The bond amplified every sensation, every emotion, until I couldn’t tell where I ended and she began. But it didn’t hurt. It just... was. Perfect synchronization, like we’d been meant for this all along.

When she came apart beneath me, it triggered my own release, and for a moment we were one being, one breath, one heartbeat.

After, we lay tangled together, neither willing to move. The room was quiet except for our breathing. Peaceful. Safe.

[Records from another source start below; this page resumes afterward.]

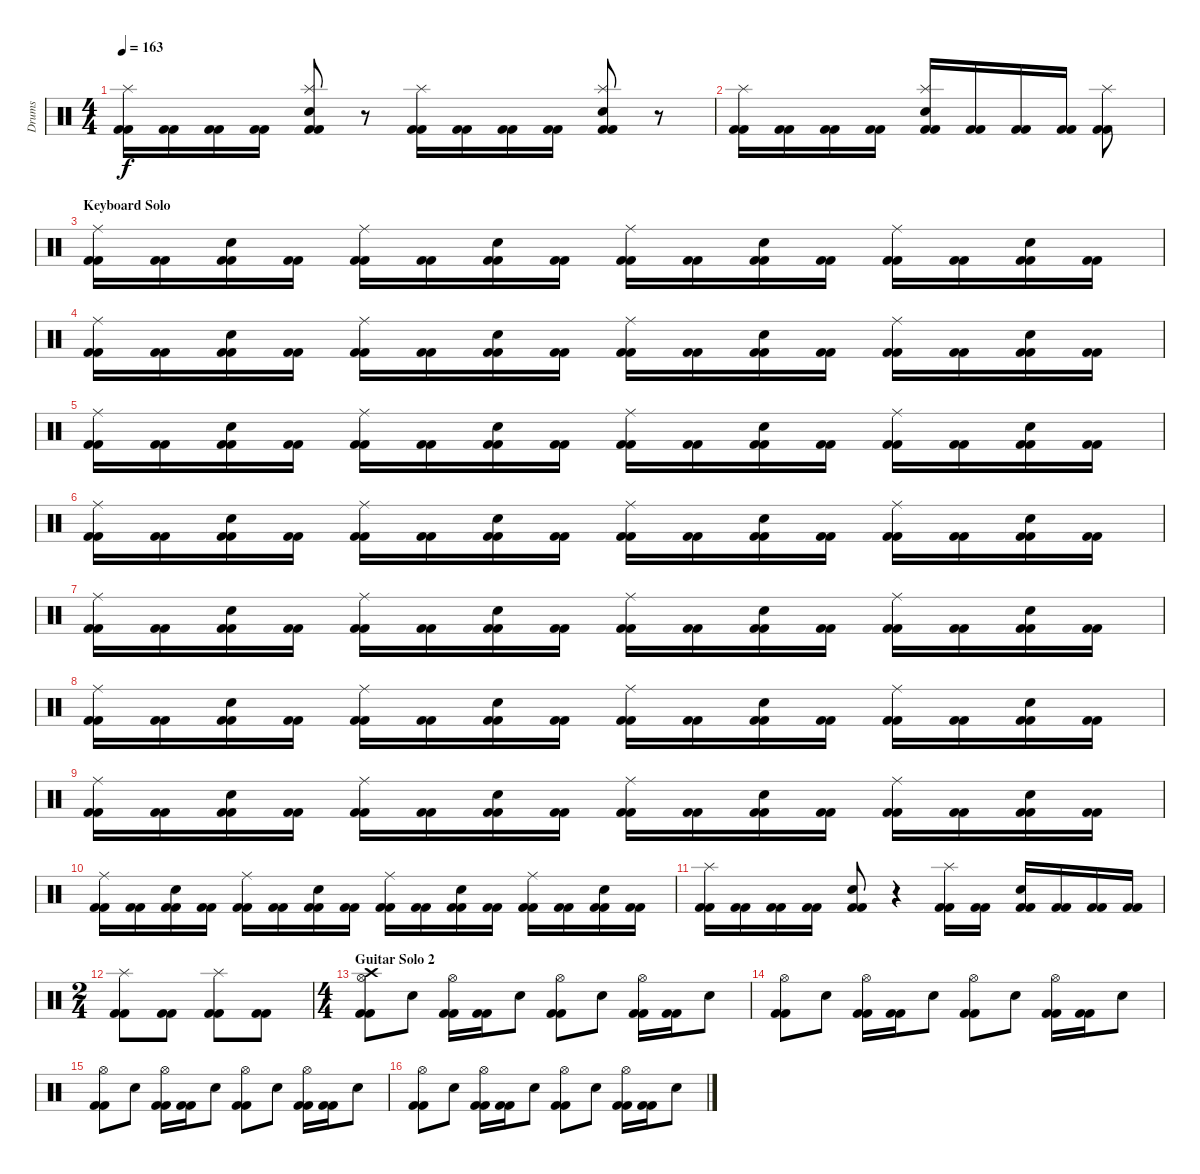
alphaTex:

\track ("Drums" "Drums") {instrument percussion}
\staff {score}
\articulation defaults
\ts (4 4)
\tempo 163
\clef neutral
\ks c
("Kick (hit) 2" "Kick (hit) 2" "Splash (hit)").16{dy f} ("Kick (hit) 2" "Kick (hit) 2").16 ("Kick (hit) 2" "Kick (hit) 2").16 ("Kick (hit) 2" "Kick (hit) 2").16 ("Kick (hit) 2" "Kick (hit) 2" "Snare (hit) 2" "Splash (hit)").8 r.8 ("Kick (hit) 2" "Kick (hit) 2" "Splash (hit)").16 ("Kick (hit) 2" "Kick (hit) 2").16 ("Kick (hit) 2" "Kick (hit) 2").16 ("Kick (hit) 2" "Kick (hit) 2").16 ("Kick (hit) 2" "Kick (hit) 2" "Snare (hit) 2" "Splash (hit)").8 r.8 |
("Kick (hit) 2" "Kick (hit) 2" "Splash (hit)").16 ("Kick (hit) 2" "Kick (hit) 2").16 ("Kick (hit) 2" "Kick (hit) 2").16 ("Kick (hit) 2" "Kick (hit) 2").16 ("Kick (hit) 2" "Kick (hit) 2" "Snare (hit) 2" "Splash (hit)").16 ("Kick (hit) 2" "Kick (hit) 2").16 ("Kick (hit) 2" "Kick (hit) 2").16 ("Kick (hit) 2" "Kick (hit) 2").16 ("Kick (hit) 2" "Kick (hit) 2" "Splash (hit)").8 |
\section ("" "Keyboard Solo")
("Kick (hit) 2" "Kick (hit) 2" "Ride (middle)").16 ("Kick (hit) 2" "Kick (hit) 2").16 ("Kick (hit) 2" "Kick (hit) 2" "Snare (hit) 2").16 ("Kick (hit) 2" "Kick (hit) 2").16 ("Kick (hit) 2" "Kick (hit) 2" "Ride (middle)").16 ("Kick (hit) 2" "Kick (hit) 2").16 ("Kick (hit) 2" "Kick (hit) 2" "Snare (hit) 2").16 ("Kick (hit) 2" "Kick (hit) 2").16 ("Kick (hit) 2" "Kick (hit) 2" "Ride (middle)").16 ("Kick (hit) 2" "Kick (hit) 2").16 ("Kick (hit) 2" "Kick (hit) 2" "Snare (hit) 2").16 ("Kick (hit) 2" "Kick (hit) 2").16 ("Kick (hit) 2" "Kick (hit) 2" "Ride (middle)").16 ("Kick (hit) 2" "Kick (hit) 2").16 ("Kick (hit) 2" "Kick (hit) 2" "Snare (hit) 2").16 ("Kick (hit) 2" "Kick (hit) 2").16 |
("Kick (hit) 2" "Kick (hit) 2" "Ride (middle)").16 ("Kick (hit) 2" "Kick (hit) 2").16 ("Kick (hit) 2" "Kick (hit) 2" "Snare (hit) 2").16 ("Kick (hit) 2" "Kick (hit) 2").16 ("Kick (hit) 2" "Kick (hit) 2" "Ride (middle)").16 ("Kick (hit) 2" "Kick (hit) 2").16 ("Kick (hit) 2" "Kick (hit) 2" "Snare (hit) 2").16 ("Kick (hit) 2" "Kick (hit) 2").16 ("Kick (hit) 2" "Kick (hit) 2" "Ride (middle)").16 ("Kick (hit) 2" "Kick (hit) 2").16 ("Kick (hit) 2" "Kick (hit) 2" "Snare (hit) 2").16 ("Kick (hit) 2" "Kick (hit) 2").16 ("Kick (hit) 2" "Kick (hit) 2" "Ride (middle)").16 ("Kick (hit) 2" "Kick (hit) 2").16 ("Kick (hit) 2" "Kick (hit) 2" "Snare (hit) 2").16 ("Kick (hit) 2" "Kick (hit) 2").16 |
("Kick (hit) 2" "Kick (hit) 2" "Ride (middle)").16 ("Kick (hit) 2" "Kick (hit) 2").16 ("Kick (hit) 2" "Kick (hit) 2" "Snare (hit) 2").16 ("Kick (hit) 2" "Kick (hit) 2").16 ("Kick (hit) 2" "Kick (hit) 2" "Ride (middle)").16 ("Kick (hit) 2" "Kick (hit) 2").16 ("Kick (hit) 2" "Kick (hit) 2" "Snare (hit) 2").16 ("Kick (hit) 2" "Kick (hit) 2").16 ("Kick (hit) 2" "Kick (hit) 2" "Ride (middle)").16 ("Kick (hit) 2" "Kick (hit) 2").16 ("Kick (hit) 2" "Kick (hit) 2" "Snare (hit) 2").16 ("Kick (hit) 2" "Kick (hit) 2").16 ("Kick (hit) 2" "Kick (hit) 2" "Ride (middle)").16 ("Kick (hit) 2" "Kick (hit) 2").16 ("Kick (hit) 2" "Kick (hit) 2" "Snare (hit) 2").16 ("Kick (hit) 2" "Kick (hit) 2").16 |
("Kick (hit) 2" "Kick (hit) 2" "Ride (middle)").16 ("Kick (hit) 2" "Kick (hit) 2").16 ("Kick (hit) 2" "Kick (hit) 2" "Snare (hit) 2").16 ("Kick (hit) 2" "Kick (hit) 2").16 ("Kick (hit) 2" "Kick (hit) 2" "Ride (middle)").16 ("Kick (hit) 2" "Kick (hit) 2").16 ("Kick (hit) 2" "Kick (hit) 2" "Snare (hit) 2").16 ("Kick (hit) 2" "Kick (hit) 2").16 ("Kick (hit) 2" "Kick (hit) 2" "Ride (middle)").16 ("Kick (hit) 2" "Kick (hit) 2").16 ("Kick (hit) 2" "Kick (hit) 2" "Snare (hit) 2").16 ("Kick (hit) 2" "Kick (hit) 2").16 ("Kick (hit) 2" "Kick (hit) 2" "Ride (middle)").16 ("Kick (hit) 2" "Kick (hit) 2").16 ("Kick (hit) 2" "Kick (hit) 2" "Snare (hit) 2").16 ("Kick (hit) 2" "Kick (hit) 2").16 |
("Kick (hit) 2" "Kick (hit) 2" "Ride (middle)").16 ("Kick (hit) 2" "Kick (hit) 2").16 ("Kick (hit) 2" "Kick (hit) 2" "Snare (hit) 2").16 ("Kick (hit) 2" "Kick (hit) 2").16 ("Kick (hit) 2" "Kick (hit) 2" "Ride (middle)").16 ("Kick (hit) 2" "Kick (hit) 2").16 ("Kick (hit) 2" "Kick (hit) 2" "Snare (hit) 2").16 ("Kick (hit) 2" "Kick (hit) 2").16 ("Kick (hit) 2" "Kick (hit) 2" "Ride (middle)").16 ("Kick (hit) 2" "Kick (hit) 2").16 ("Kick (hit) 2" "Kick (hit) 2" "Snare (hit) 2").16 ("Kick (hit) 2" "Kick (hit) 2").16 ("Kick (hit) 2" "Kick (hit) 2" "Ride (middle)").16 ("Kick (hit) 2" "Kick (hit) 2").16 ("Kick (hit) 2" "Kick (hit) 2" "Snare (hit) 2").16 ("Kick (hit) 2" "Kick (hit) 2").16 |
("Kick (hit) 2" "Kick (hit) 2" "Ride (middle)").16 ("Kick (hit) 2" "Kick (hit) 2").16 ("Kick (hit) 2" "Kick (hit) 2" "Snare (hit) 2").16 ("Kick (hit) 2" "Kick (hit) 2").16 ("Kick (hit) 2" "Kick (hit) 2" "Ride (middle)").16 ("Kick (hit) 2" "Kick (hit) 2").16 ("Kick (hit) 2" "Kick (hit) 2" "Snare (hit) 2").16 ("Kick (hit) 2" "Kick (hit) 2").16 ("Kick (hit) 2" "Kick (hit) 2" "Ride (middle)").16 ("Kick (hit) 2" "Kick (hit) 2").16 ("Kick (hit) 2" "Kick (hit) 2" "Snare (hit) 2").16 ("Kick (hit) 2" "Kick (hit) 2").16 ("Kick (hit) 2" "Kick (hit) 2" "Ride (middle)").16 ("Kick (hit) 2" "Kick (hit) 2").16 ("Kick (hit) 2" "Kick (hit) 2" "Snare (hit) 2").16 ("Kick (hit) 2" "Kick (hit) 2").16 |
("Kick (hit) 2" "Kick (hit) 2" "Ride (middle)").16 ("Kick (hit) 2" "Kick (hit) 2").16 ("Kick (hit) 2" "Kick (hit) 2" "Snare (hit) 2").16 ("Kick (hit) 2" "Kick (hit) 2").16 ("Kick (hit) 2" "Kick (hit) 2" "Ride (middle)").16 ("Kick (hit) 2" "Kick (hit) 2").16 ("Kick (hit) 2" "Kick (hit) 2" "Snare (hit) 2").16 ("Kick (hit) 2" "Kick (hit) 2").16 ("Kick (hit) 2" "Kick (hit) 2" "Ride (middle)").16 ("Kick (hit) 2" "Kick (hit) 2").16 ("Kick (hit) 2" "Kick (hit) 2" "Snare (hit) 2").16 ("Kick (hit) 2" "Kick (hit) 2").16 ("Kick (hit) 2" "Kick (hit) 2" "Ride (middle)").16 ("Kick (hit) 2" "Kick (hit) 2").16 ("Kick (hit) 2" "Kick (hit) 2" "Snare (hit) 2").16 ("Kick (hit) 2" "Kick (hit) 2").16 |
("Kick (hit) 2" "Kick (hit) 2" "Ride (middle)").16 ("Kick (hit) 2" "Kick (hit) 2").16 ("Kick (hit) 2" "Kick (hit) 2" "Snare (hit) 2").16 ("Kick (hit) 2" "Kick (hit) 2").16 ("Kick (hit) 2" "Kick (hit) 2" "Ride (middle)").16 ("Kick (hit) 2" "Kick (hit) 2").16 ("Kick (hit) 2" "Kick (hit) 2" "Snare (hit) 2").16 ("Kick (hit) 2" "Kick (hit) 2").16 ("Kick (hit) 2" "Kick (hit) 2" "Ride (middle)").16 ("Kick (hit) 2" "Kick (hit) 2").16 ("Kick (hit) 2" "Kick (hit) 2" "Snare (hit) 2").16 ("Kick (hit) 2" "Kick (hit) 2").16 ("Kick (hit) 2" "Kick (hit) 2" "Ride (middle)").16 ("Kick (hit) 2" "Kick (hit) 2").16 ("Kick (hit) 2" "Kick (hit) 2" "Snare (hit) 2").16 ("Kick (hit) 2" "Kick (hit) 2").16 |
("Kick (hit) 2" "Kick (hit) 2" "Splash (hit)").16 ("Kick (hit) 2" "Kick (hit) 2").16 ("Kick (hit) 2" "Kick (hit) 2").16 ("Kick (hit) 2" "Kick (hit) 2").16 ("Kick (hit) 2" "Kick (hit) 2" "Snare (hit) 2").8 r.4 ("Kick (hit) 2" "Kick (hit) 2" "Splash (hit)").16 ("Kick (hit) 2" "Kick (hit) 2").16 ("Kick (hit) 2" "Kick (hit) 2" "Snare (hit) 2").16 ("Kick (hit) 2" "Kick (hit) 2").16 ("Kick (hit) 2" "Kick (hit) 2").16 ("Kick (hit) 2" "Kick (hit) 2").16 |
\ts (2 4)
("Kick (hit) 2" "Kick (hit) 2" "Splash (hit)").8 ("Kick (hit) 2" "Kick (hit) 2").8 ("Kick (hit) 2" "Kick (hit) 2" "Splash (hit)").8 ("Kick (hit) 2" "Kick (hit) 2").8 |
\ts (4 4)
\section ("" "Guitar Solo 2")
("Kick (hit) 2" "Kick (hit) 2" "Hi-Hat (open)" "Crash high (hit)").8 "Snare (hit) 2".8 ("Kick (hit) 2" "Kick (hit) 2" "Hi-Hat (open)").16 ("Kick (hit) 2" "Kick (hit) 2").16 "Snare (hit) 2".8 ("Kick (hit) 2" "Kick (hit) 2" "Hi-Hat (open)").8 "Snare (hit) 2".8 ("Kick (hit) 2" "Kick (hit) 2" "Hi-Hat (open)").16 ("Kick (hit) 2" "Kick (hit) 2").16 "Snare (hit) 2".8 |
("Kick (hit) 2" "Kick (hit) 2" "Hi-Hat (open)").8 "Snare (hit) 2".8 ("Kick (hit) 2" "Kick (hit) 2" "Hi-Hat (open)").16 ("Kick (hit) 2" "Kick (hit) 2").16 "Snare (hit) 2".8 ("Kick (hit) 2" "Kick (hit) 2" "Hi-Hat (open)").8 "Snare (hit) 2".8 ("Kick (hit) 2" "Kick (hit) 2" "Hi-Hat (open)").16 ("Kick (hit) 2" "Kick (hit) 2").16 "Snare (hit) 2".8 |
("Kick (hit) 2" "Kick (hit) 2" "Hi-Hat (open)").8 "Snare (hit) 2".8 ("Kick (hit) 2" "Kick (hit) 2" "Hi-Hat (open)").16 ("Kick (hit) 2" "Kick (hit) 2").16 "Snare (hit) 2".8 ("Kick (hit) 2" "Kick (hit) 2" "Hi-Hat (open)").8 "Snare (hit) 2".8 ("Kick (hit) 2" "Kick (hit) 2" "Hi-Hat (open)").16 ("Kick (hit) 2" "Kick (hit) 2").16 "Snare (hit) 2".8 |
("Kick (hit) 2" "Kick (hit) 2" "Hi-Hat (open)").8 "Snare (hit) 2".8 ("Kick (hit) 2" "Kick (hit) 2" "Hi-Hat (open)").16 ("Kick (hit) 2" "Kick (hit) 2").16 "Snare (hit) 2".8 ("Kick (hit) 2" "Kick (hit) 2" "Hi-Hat (open)").8 "Snare (hit) 2".8 ("Kick (hit) 2" "Kick (hit) 2" "Hi-Hat (open)").16 ("Kick (hit) 2" "Kick (hit) 2").16 "Snare (hit) 2".8

“We should probably go to the briefing,” Maris said eventually.

“Probably.”

Neither of us moved.

“Deyric will be insufferable if we’re late.”

“He’s insufferable anyway.”

“True.” She traced patterns on my chest, absent and content. “But he did wait a week to analyze those data caches. Least we can do is show up.”

“The least we can do is nothing. We’re very good at nothing.”

“We’re terrible at nothing. You lasted thirty seconds of retirement before volunteering for a suicide mission.”

“That was different.”

“How?”

“You were in danger.”

She went quiet at that. Something shifted. Not bad, just... thoughtful.

“We’re really bad at safe,” she said finally.

“The worst.”

“But we could learn.”

“Could we?”

She sat up, looked down at me. “Let’s find out.”

The briefing room was crowded. Serak at the head of the table, stoic as always.

Jessa beside him, managing to look maternal even in tactical gear.

Ressh and Alix, joined at the hip as usual.

Solren, who gave me a medical scan with his eyes the moment I walked in.

Zevik, spinning in his chair because sitting still was against his religion.

And Deyric, surrounded by multiple screens and looking like he’d discovered the meaning of life.

“Finally,” Deyric said when we entered. “Do you know how hard it’s been to sit on this for a week?”

“Devastating, I’m sure,” Maris said, taking a seat. I stood behind her, hand on her shoulder. Presenting as a unit.

“Your sarcasm is noted and ignored.” Deyric pulled up the first display. “These three data caches are, as Maris suggested, the Rosetta Stone. Individually, they’re just shipping manifests, financial records, and sensor logs. Together...”

He overlaid the data sets. Lines of connection appeared, forming a web of information.